Data entries:
────────────────────────────────────────
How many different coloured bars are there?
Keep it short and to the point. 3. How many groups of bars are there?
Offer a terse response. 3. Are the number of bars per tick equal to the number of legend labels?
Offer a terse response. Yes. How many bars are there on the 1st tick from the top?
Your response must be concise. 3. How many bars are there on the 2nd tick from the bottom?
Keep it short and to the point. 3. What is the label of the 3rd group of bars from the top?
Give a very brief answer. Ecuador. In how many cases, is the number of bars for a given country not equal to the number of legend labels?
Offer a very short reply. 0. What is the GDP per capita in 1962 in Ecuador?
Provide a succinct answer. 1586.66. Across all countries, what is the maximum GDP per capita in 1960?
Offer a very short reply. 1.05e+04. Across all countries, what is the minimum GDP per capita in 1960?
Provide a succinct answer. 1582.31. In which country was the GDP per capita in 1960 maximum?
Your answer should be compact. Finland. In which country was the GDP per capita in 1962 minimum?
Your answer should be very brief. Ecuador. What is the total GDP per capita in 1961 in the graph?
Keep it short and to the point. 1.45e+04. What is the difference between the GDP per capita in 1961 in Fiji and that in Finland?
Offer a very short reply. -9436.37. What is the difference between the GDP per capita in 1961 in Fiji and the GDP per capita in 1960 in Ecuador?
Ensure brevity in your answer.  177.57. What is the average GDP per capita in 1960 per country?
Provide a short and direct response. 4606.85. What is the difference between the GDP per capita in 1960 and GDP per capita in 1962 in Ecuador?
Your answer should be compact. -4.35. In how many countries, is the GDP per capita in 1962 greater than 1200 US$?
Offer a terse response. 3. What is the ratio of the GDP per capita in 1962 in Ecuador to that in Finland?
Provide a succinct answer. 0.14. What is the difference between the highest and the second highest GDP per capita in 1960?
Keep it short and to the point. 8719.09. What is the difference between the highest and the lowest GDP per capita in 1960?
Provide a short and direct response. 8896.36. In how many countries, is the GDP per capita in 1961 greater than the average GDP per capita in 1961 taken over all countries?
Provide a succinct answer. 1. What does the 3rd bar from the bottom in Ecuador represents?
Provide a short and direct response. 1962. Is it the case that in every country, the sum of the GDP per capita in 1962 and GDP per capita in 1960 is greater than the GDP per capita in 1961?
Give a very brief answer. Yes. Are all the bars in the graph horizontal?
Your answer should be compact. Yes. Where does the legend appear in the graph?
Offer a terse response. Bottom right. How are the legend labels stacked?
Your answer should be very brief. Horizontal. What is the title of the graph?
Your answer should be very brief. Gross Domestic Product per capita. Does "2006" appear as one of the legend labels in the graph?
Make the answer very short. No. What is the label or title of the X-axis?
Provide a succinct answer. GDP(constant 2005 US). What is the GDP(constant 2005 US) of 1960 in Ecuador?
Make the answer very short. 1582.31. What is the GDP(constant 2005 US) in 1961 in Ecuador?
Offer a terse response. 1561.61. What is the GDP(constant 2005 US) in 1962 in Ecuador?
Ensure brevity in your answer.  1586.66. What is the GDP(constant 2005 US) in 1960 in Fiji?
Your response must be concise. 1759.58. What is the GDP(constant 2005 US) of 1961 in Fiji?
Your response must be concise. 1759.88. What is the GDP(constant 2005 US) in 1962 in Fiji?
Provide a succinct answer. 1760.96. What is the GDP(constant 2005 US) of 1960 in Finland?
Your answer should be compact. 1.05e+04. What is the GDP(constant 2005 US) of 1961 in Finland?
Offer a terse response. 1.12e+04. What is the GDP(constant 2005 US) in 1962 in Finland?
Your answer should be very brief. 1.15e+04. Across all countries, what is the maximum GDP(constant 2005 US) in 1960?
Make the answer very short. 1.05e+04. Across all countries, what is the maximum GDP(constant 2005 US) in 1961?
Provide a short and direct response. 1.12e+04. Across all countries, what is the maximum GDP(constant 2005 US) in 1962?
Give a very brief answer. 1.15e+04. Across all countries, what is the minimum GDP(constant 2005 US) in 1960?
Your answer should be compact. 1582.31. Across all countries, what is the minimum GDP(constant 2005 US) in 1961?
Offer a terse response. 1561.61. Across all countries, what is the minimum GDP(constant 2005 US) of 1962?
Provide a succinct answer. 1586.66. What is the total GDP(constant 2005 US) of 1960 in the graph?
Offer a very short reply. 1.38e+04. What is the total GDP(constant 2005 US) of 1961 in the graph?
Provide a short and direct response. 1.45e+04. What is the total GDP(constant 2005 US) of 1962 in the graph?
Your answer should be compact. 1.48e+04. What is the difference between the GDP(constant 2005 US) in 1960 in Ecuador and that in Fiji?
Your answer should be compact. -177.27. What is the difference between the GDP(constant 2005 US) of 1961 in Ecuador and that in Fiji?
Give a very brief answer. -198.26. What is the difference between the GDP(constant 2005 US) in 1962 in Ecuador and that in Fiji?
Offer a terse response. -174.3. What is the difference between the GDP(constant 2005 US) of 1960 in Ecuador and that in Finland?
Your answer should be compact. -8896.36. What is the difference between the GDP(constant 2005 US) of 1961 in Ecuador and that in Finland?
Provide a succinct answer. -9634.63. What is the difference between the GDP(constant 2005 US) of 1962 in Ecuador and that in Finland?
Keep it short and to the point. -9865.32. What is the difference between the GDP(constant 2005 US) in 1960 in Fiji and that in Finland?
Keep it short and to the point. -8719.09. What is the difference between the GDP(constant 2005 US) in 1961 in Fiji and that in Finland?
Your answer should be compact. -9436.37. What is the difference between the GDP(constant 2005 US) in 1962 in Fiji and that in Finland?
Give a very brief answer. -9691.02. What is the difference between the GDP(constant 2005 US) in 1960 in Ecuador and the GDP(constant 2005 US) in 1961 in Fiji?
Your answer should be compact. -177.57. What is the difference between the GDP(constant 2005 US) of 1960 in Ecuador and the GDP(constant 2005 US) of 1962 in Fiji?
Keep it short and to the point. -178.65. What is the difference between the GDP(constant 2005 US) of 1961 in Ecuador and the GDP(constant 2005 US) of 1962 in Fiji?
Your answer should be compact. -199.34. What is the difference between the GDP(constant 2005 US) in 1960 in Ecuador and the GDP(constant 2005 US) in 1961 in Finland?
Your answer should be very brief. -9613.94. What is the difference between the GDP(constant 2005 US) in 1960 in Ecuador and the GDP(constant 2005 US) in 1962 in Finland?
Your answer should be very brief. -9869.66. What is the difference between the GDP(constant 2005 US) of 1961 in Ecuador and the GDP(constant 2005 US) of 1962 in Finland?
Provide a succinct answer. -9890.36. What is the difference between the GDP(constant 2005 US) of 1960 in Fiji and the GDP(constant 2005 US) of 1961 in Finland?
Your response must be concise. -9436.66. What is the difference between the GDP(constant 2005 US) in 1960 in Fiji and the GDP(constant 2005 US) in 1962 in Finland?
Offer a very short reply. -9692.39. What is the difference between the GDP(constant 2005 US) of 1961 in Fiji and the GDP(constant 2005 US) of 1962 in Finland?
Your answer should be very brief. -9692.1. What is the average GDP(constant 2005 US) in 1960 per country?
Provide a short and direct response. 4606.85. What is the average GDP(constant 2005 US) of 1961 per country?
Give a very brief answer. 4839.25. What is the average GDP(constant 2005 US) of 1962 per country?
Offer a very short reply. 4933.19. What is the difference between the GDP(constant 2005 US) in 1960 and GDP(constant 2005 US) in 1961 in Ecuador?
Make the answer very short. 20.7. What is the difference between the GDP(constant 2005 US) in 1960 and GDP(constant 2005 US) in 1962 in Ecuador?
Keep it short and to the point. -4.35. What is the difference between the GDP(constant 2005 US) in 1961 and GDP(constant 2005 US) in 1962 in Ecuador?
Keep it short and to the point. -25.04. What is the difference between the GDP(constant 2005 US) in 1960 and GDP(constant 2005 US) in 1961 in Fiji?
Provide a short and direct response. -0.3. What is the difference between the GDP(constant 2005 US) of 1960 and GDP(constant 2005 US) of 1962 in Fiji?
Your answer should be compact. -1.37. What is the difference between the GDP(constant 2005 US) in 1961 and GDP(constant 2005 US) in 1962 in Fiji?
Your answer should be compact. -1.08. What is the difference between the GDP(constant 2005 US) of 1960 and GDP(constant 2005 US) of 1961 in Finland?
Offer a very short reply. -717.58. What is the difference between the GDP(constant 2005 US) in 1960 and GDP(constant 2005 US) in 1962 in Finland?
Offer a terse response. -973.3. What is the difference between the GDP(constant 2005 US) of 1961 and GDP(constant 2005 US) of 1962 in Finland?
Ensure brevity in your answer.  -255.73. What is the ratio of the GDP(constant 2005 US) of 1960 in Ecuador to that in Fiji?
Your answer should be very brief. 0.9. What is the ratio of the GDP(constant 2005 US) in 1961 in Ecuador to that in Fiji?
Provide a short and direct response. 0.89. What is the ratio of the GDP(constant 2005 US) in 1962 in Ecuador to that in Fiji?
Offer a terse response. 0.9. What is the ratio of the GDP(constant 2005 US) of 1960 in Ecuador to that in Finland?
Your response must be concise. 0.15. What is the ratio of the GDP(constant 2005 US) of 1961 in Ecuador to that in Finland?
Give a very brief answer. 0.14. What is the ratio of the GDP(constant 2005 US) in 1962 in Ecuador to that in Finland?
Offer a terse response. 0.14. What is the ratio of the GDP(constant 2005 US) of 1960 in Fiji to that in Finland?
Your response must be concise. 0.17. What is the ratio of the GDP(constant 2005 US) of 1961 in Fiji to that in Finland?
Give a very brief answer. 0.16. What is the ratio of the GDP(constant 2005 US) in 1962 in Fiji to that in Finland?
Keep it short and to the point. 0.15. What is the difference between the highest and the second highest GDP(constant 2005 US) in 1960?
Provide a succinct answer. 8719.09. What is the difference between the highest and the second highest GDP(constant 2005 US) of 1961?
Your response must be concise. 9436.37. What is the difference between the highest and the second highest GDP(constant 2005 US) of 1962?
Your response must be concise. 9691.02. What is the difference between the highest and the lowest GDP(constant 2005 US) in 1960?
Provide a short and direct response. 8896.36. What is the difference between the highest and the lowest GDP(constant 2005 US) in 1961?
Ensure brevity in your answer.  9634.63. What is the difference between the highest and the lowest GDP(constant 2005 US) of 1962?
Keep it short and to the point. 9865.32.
────────────────────────────────────────
-- WORK TO BE COMPLETED --
Go through the records from the first line and copy each one exactly, ending after the line that contains "Provide a succinct answer. 0.14.". Give nothing else.

-- RESULT BELOW --
How many different coloured bars are there?
Keep it short and to the point. 3. How many groups of bars are there?
Offer a terse response. 3. Are the number of bars per tick equal to the number of legend labels?
Offer a terse response. Yes. How many bars are there on the 1st tick from the top?
Your response must be concise. 3. How many bars are there on the 2nd tick from the bottom?
Keep it short and to the point. 3. What is the label of the 3rd group of bars from the top?
Give a very brief answer. Ecuador. In how many cases, is the number of bars for a given country not equal to the number of legend labels?
Offer a very short reply. 0. What is the GDP per capita in 1962 in Ecuador?
Provide a succinct answer. 1586.66. Across all countries, what is the maximum GDP per capita in 1960?
Offer a very short reply. 1.05e+04. Across all countries, what is the minimum GDP per capita in 1960?
Provide a succinct answer. 1582.31. In which country was the GDP per capita in 1960 maximum?
Your answer should be compact. Finland. In which country was the GDP per capita in 1962 minimum?
Your answer should be very brief. Ecuador. What is the total GDP per capita in 1961 in the graph?
Keep it short and to the point. 1.45e+04. What is the difference between the GDP per capita in 1961 in Fiji and that in Finland?
Offer a very short reply. -9436.37. What is the difference between the GDP per capita in 1961 in Fiji and the GDP per capita in 1960 in Ecuador?
Ensure brevity in your answer.  177.57. What is the average GDP per capita in 1960 per country?
Provide a short and direct response. 4606.85. What is the difference between the GDP per capita in 1960 and GDP per capita in 1962 in Ecuador?
Your answer should be compact. -4.35. In how many countries, is the GDP per capita in 1962 greater than 1200 US$?
Offer a terse response. 3. What is the ratio of the GDP per capita in 1962 in Ecuador to that in Finland?
Provide a succinct answer. 0.14. What is the difference between the highest and the second highest GDP per capita in 1960?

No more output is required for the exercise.